The CDS request downloads 120-hour atmospheric deposition forecasts for:
| CDS variable | Short name | NEMO variable |
|---|---|---|
| Dry deposition of coarse mode nitrate aerosol | aerddpnic |
NOS (nitrogen oxidized) |
| Dry deposition of fine mode nitrate aerosol | aerddpnif |
NOS |
| Wet deposition of coarse/fine mode nitrate (convective + large-scale) | aerwdcnic, aerwdlnic, aerwdcnif, aerwdlnif |
NOS |
| Dry deposition of ammonium aerosol | aerddpam |
NHS (ammonium) |
| Wet deposition of ammonium aerosol (convective + large-scale) | aerwdcam, aerwdlam |
NHS |
Units are converted from kg/m2/s to mmol/m2/s during processing. The spatial domain is [48.75N, 25.5E, 39N, 43.5E] (Black Sea region).
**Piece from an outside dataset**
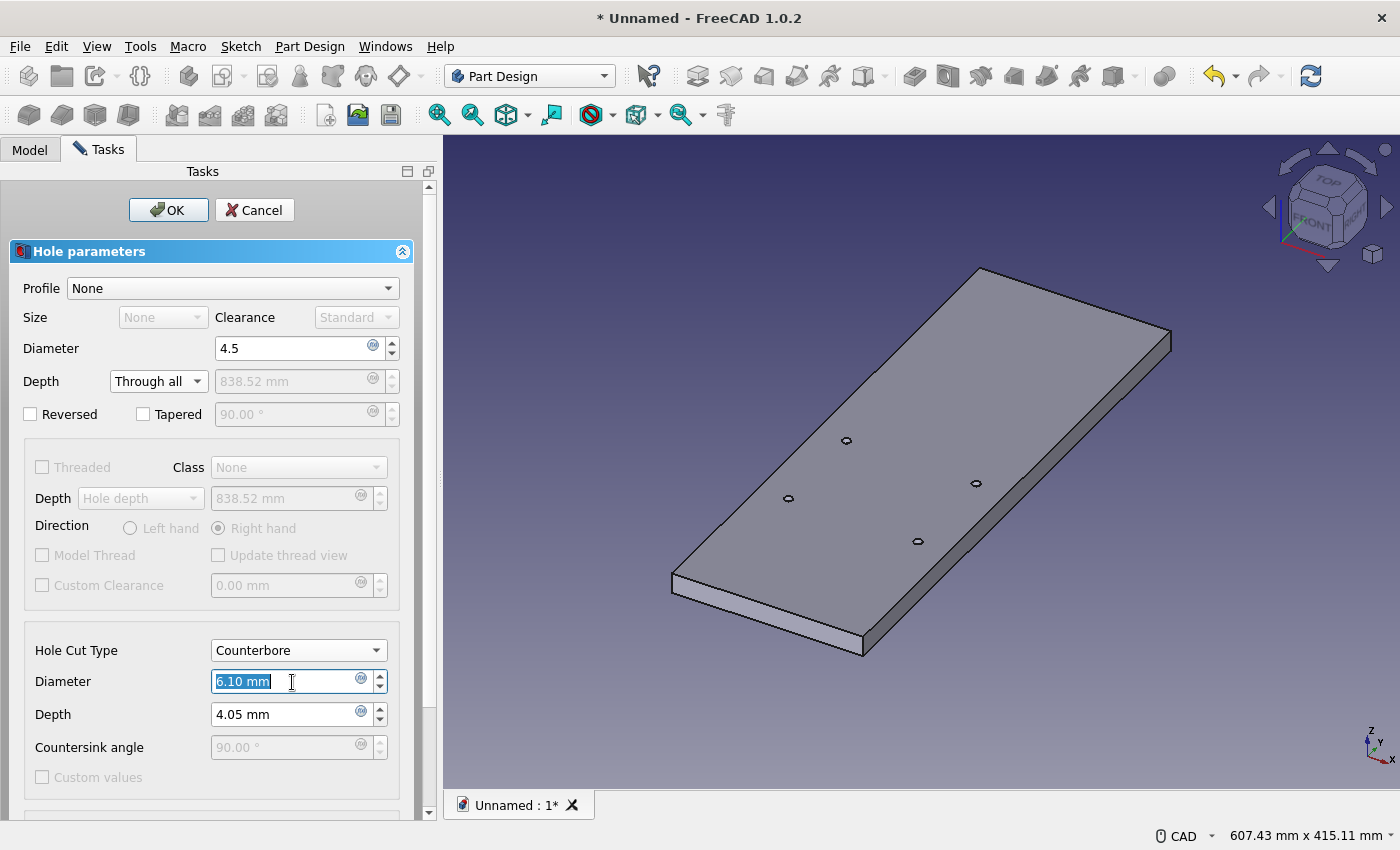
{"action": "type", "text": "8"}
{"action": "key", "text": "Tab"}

After creating the per-day files, the download_cams task validates that:
- All 5 expected files exist on disk.
- Neither
NOSnorNHScontains NaN values or values above1e6 mmol/m2/s.
If validation fails, all generated files are deleted and the task raises a ValueError to trigger the Airflow retry. This prevents silently writing corrupt data to the forcing directory.
copy_to_lucia uploads files cams_y{Y}m{M}d{D}.nc for days T+0 through T+9 to the Lucia gateway home directory, then SCPs them to the Lucia frontal node:
For days beyond T+4 where no per-day file exists yet, mean_forecast.nc is used as a substitute.
copy_to_docker copies the same files to /opt/airflow/marines_data/backupPU/forcing/CAMS/ for the GCP model. It deletes all previous CAMS files in that directory except yesterday's file and two special static files (bsfs_cams_bilin.nc, deposition.nc).
The CDS API key is read from /opt/airflow/marines_data/cdsapirc.ads (not from Airflow Variables or Connections).
NIHWM river data¶
download_nihwm (Lucia)¶
| Property | Value |
|---|---|
| Schedule | 10 16 * * * (16:10 UTC) |
| Retries | 45 x 10 min |
| Destination | /gpfs/.../data/Rivers/nihwm/ |
| File | LUCIA/download_nihwm.py |
Runs nohup /gpfs/.../data/Rivers/nihwm/get.sh on Lucia. The verification check looks for HF_{today}*.csv.